StringSimilarity Arguments - Aster Analytics

Teradata Aster® Analytics Foundation User GuideUpdate 2

Product
Aster Analytics
Release Number
7.00.02
Published
September 2017
Language
English (United States)
Last Update
2018-04-17
dita:mapPath
uce1497542673292.ditamap
dita:ditavalPath
AA-notempfilter_pdf_output.ditaval
dita:id
B700-1022
lifecycle
previous
Product Category
Software
ComparisonColumnPairs
Specifies pairs of input table columns that contain strings to compare (column1 and column2), how to compare them (comparison_type), and (optionally) a constant and the name of the output column for their similarity (output_column). The similarity is a value in the range [0, 1].
For comparison_type, use one of these values:
  • 'jaro'

    Jaro distance.

  • 'jaro_winkler'

    Jaro-Winkler distance: 1 for an exact match, 0 otherwise.

  • 'n-gram'

    N-gram similarity. If you specify this comparison type, you can specify the value of N with constant.

  • 'LD'

    Levenshtein distance: the number of edits needed to transform one string into the other, where edits include insertions, deletions, or substitutions of individual characters.

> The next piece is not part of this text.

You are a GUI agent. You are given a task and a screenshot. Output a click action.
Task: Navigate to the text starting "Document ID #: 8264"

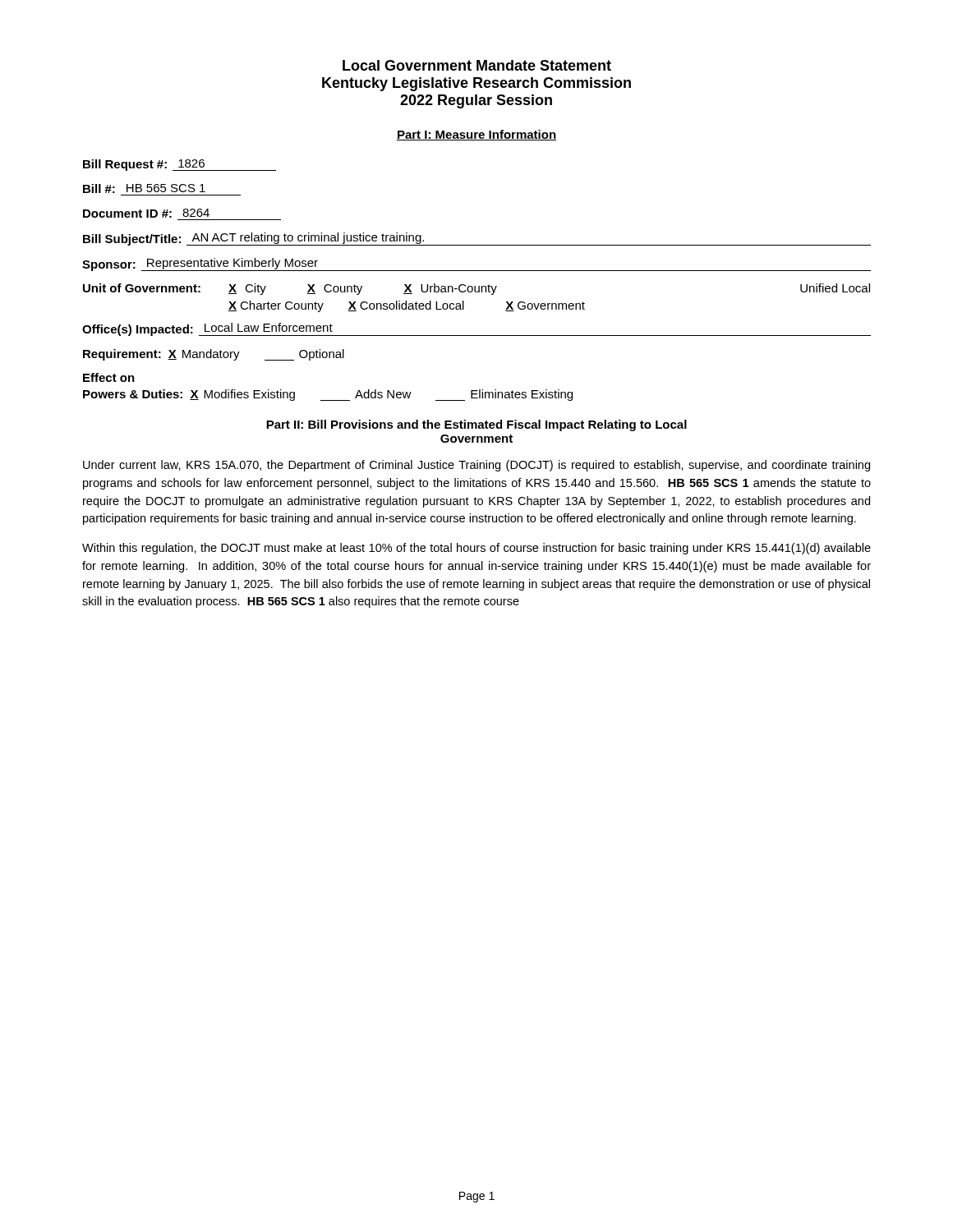pos(182,213)

You can specify a different comparison_type for every pair of columns.

Default: output_column is 'sim_i', where i is the sequence number of the column pair.

CaseSensitive
[Optional] Specifies whether string comparison is case-sensitive. Default: 'false'.

You can specify either one value for all pairs or one value for each pair. If you specify one value for each pair, the ith value applies to the ith pair.

Accumulate
[Optional] Specifies the names of input table columns to be copied to the output table.